“They're spending tens of millions of dollars to try and prevent me from winning because they know that I'm serious."
CALIFORNIA – Democratic candidate and climate activist Tom Steyer sat down with Molly Jong-Fast to discuss his campaign as the gubernatorial primary race enters its final stretch. Steyer honed in on the special interests that are bankrolling his opponents, Xavier Becerra's record of failure, and on the entrenched power structures he argues no other candidate is willing to confront. The following are excerpts from their conversation:
Steyer as the only candidate willing to make real change:
"If we're actually going to bring down costs and make California affordable, somebody's going to have to take on the special interests, and I'm the only one doing it. If we want structural change, including single-payer healthcare, who is going to take on the special interests? Who's going to get it done? The only person doing it is me — and the way you know that is they're spending tens of millions of dollars to try and prevent me from winning because they know that I'm serious."

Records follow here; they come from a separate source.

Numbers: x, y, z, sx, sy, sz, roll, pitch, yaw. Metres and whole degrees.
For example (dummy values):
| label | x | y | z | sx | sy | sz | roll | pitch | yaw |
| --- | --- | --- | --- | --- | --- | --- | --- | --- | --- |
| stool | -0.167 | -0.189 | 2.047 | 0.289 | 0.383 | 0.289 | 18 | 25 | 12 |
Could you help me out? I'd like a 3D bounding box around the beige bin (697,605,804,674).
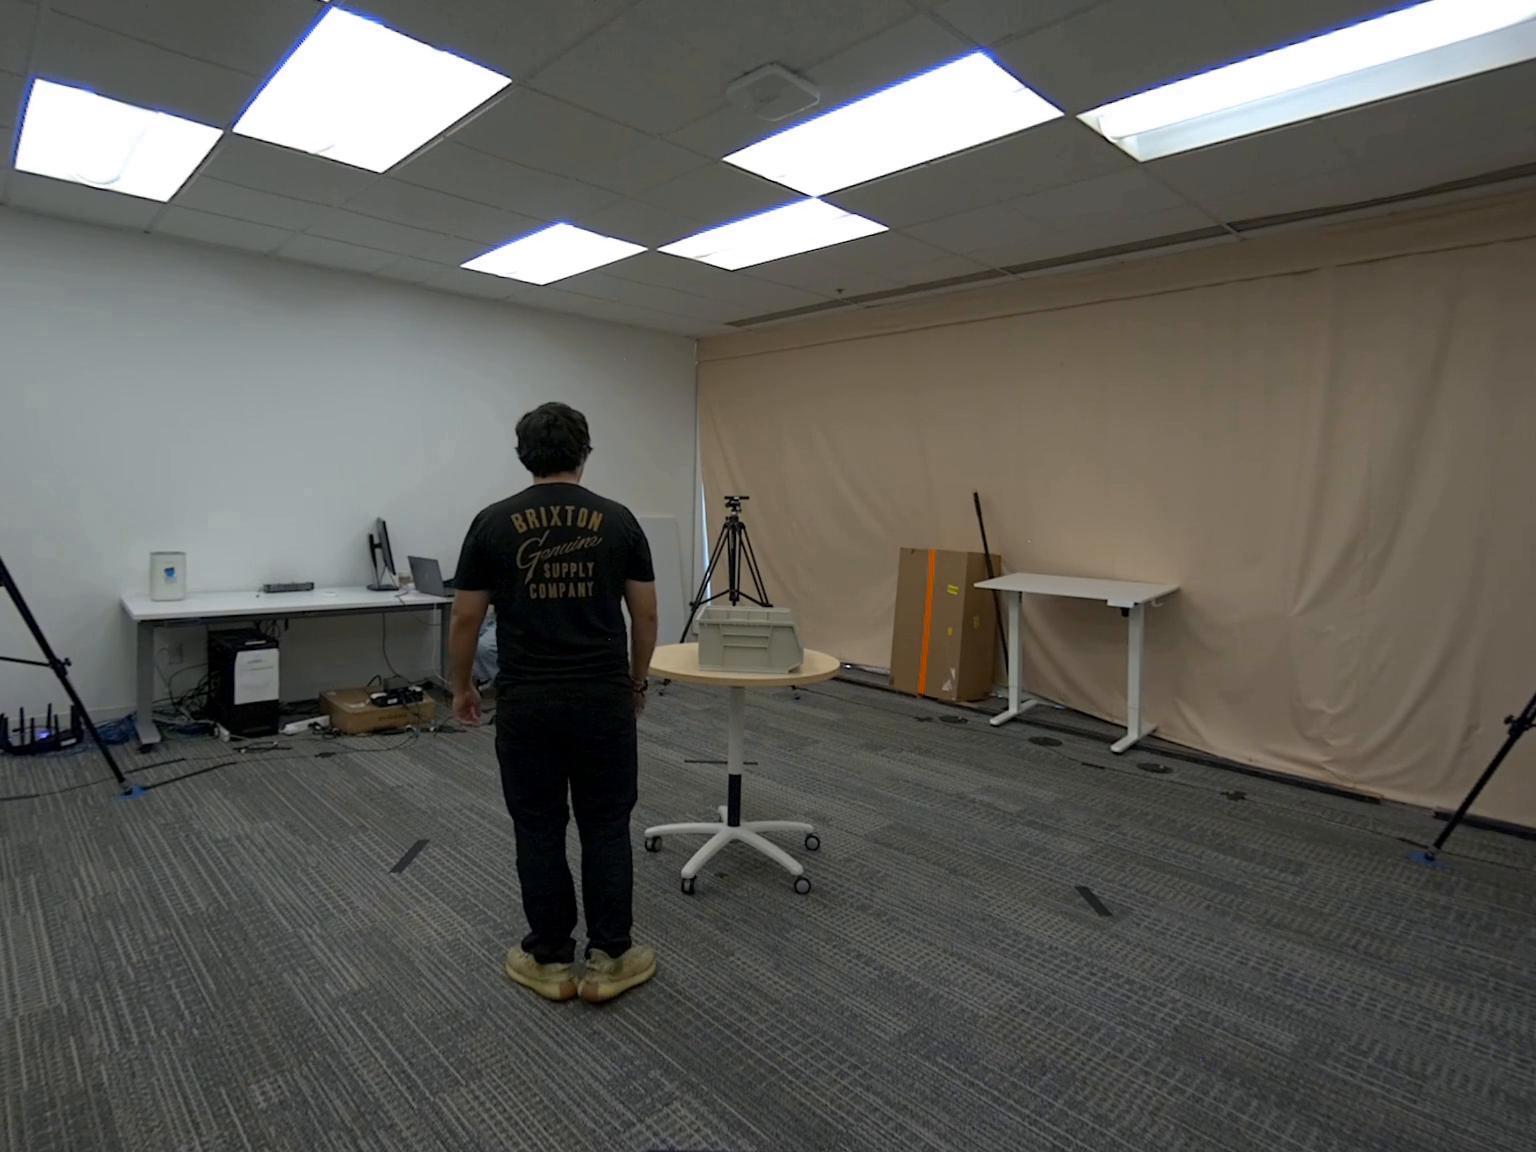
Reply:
| label | x | y | z | sx | sy | sz | roll | pitch | yaw |
| --- | --- | --- | --- | --- | --- | --- | --- | --- | --- |
| beige bin | -0.062 | 0.235 | 3.125 | 0.377 | 0.188 | 0.423 | 0 | 4 | -1 |

On why special interests are spending against him:
"We have legal monopolies in electricity, and they charge Californians twice as much as the average in America. We're going to bring in local competition and regulate them completely differently. Pacific Gas and Electric has spent over $12 billion running independent expenditures against me. The big oil companies — I'm for polluters pay. I've been fighting big oil for 15 or 20 years. They know it. They are spending millions of dollars against me because they know that if I get elected I will push a clean energy transition really hard."
On Xavier Becerra's history of incompetence:
"The strongest lobby against single payer has maxed out to Xavier Becerra because they know I'm going to push for single payer really hard — that's the only way we can deliver healthcare as a right at a price we can afford. He was the HHS secretary and people from the Biden administration said 'we wanted to fire him, he did a bad job.' He in effect lost 85,000 kids who ended up being trafficked, being injured in jobs — a true disaster. A lot of Democrats described it as a tragedy and a travesty. And he just denied it happened."

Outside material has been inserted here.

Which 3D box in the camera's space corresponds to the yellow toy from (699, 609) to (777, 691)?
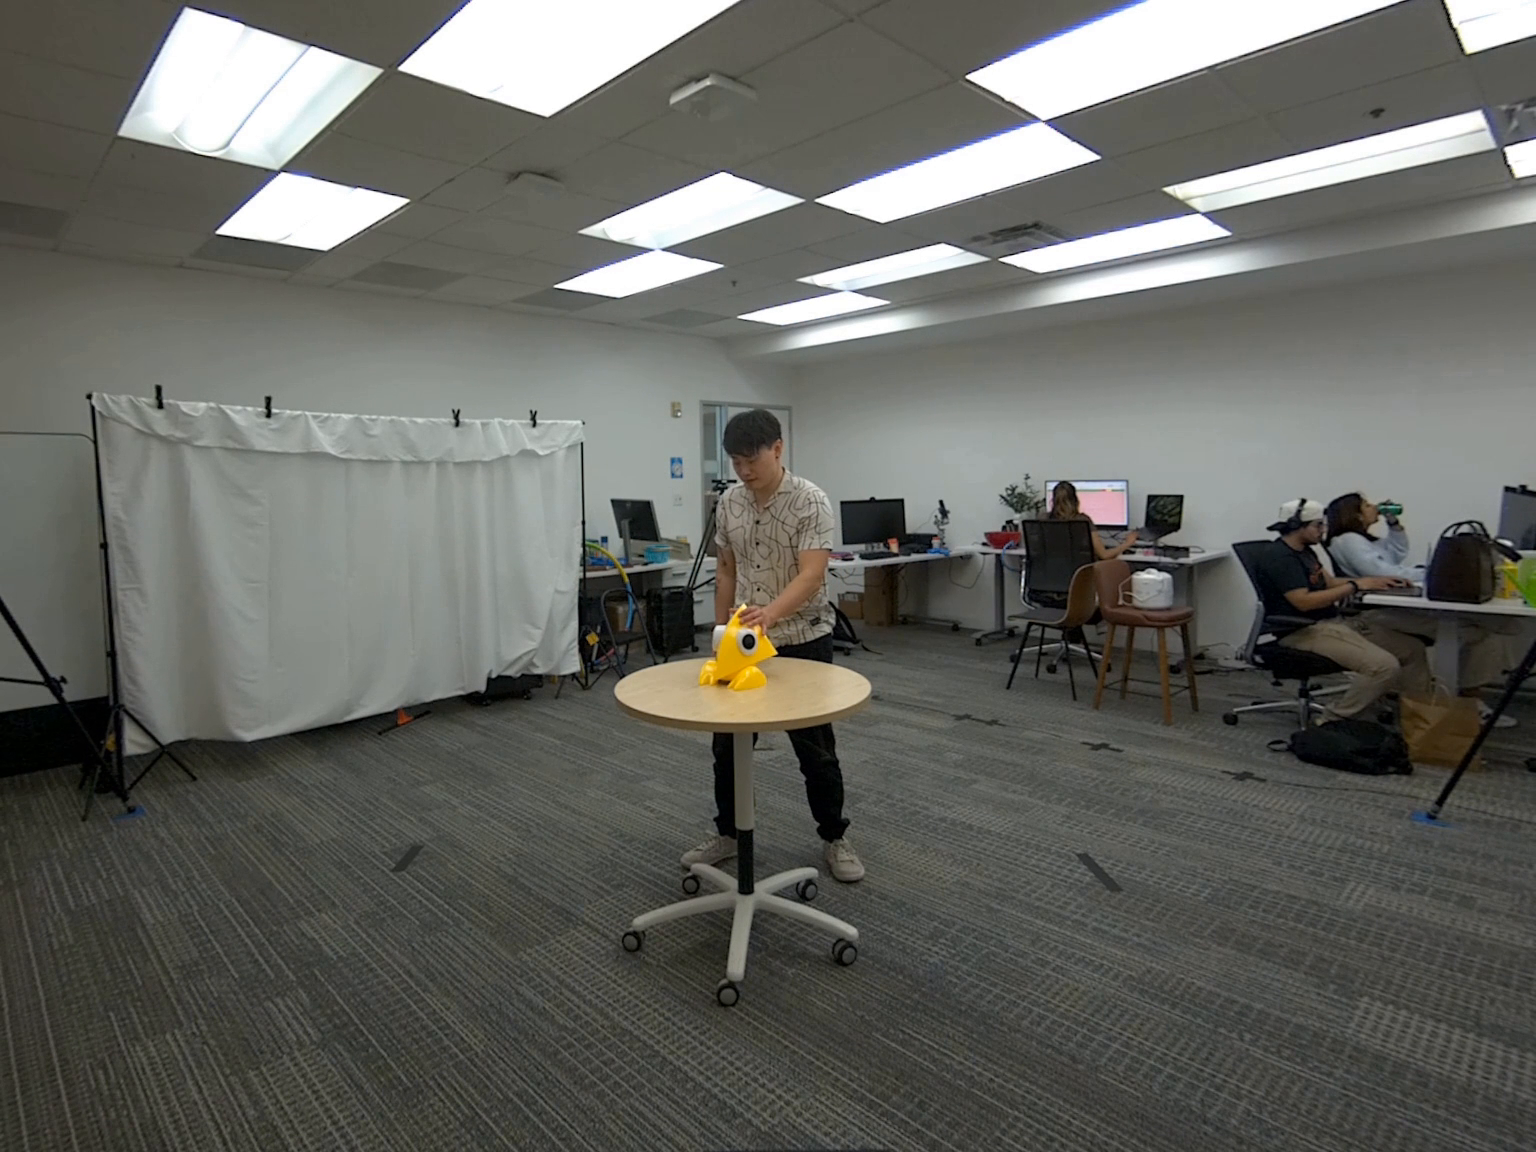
[{"bbox_3d":[-0.107,0.211,2.601,0.210,0.230,0.188,2,6,34],"label":"yellow toy"}]

On Becerra's failure to answer tough questions:
"As things pile up that he can't answer, he just says words but refuses to face the music. If you want to be the governor of California, you've got to tell the truth, look people in the eye, and tell them a hard truth. And if you make a mistake, you've got to own it — because until you own it, you're not going to change it."
On his plans to fight climate change:
"My plan is very simple: make polluters pay. How is it possible that oil and gas companies are not paying for their pollution? We have houses burning down in Altadena and Pacific Palisades. Home insurance rates are going up because of the fires. And the people massively contributing to that are not paying for it."
On connecting with voters on the campaign trail:
"People are always like, 'is this really hard, Tom?' And let me say — this is really, really fun. My whole job is to see as many Californians face-to-face, to hear what they have to say, to answer their questions. It's a pleasure, but it's also primary research. You've got to know what is on people's minds and where their hearts are to make sure that what you're doing actually reflects the needs of the people of California."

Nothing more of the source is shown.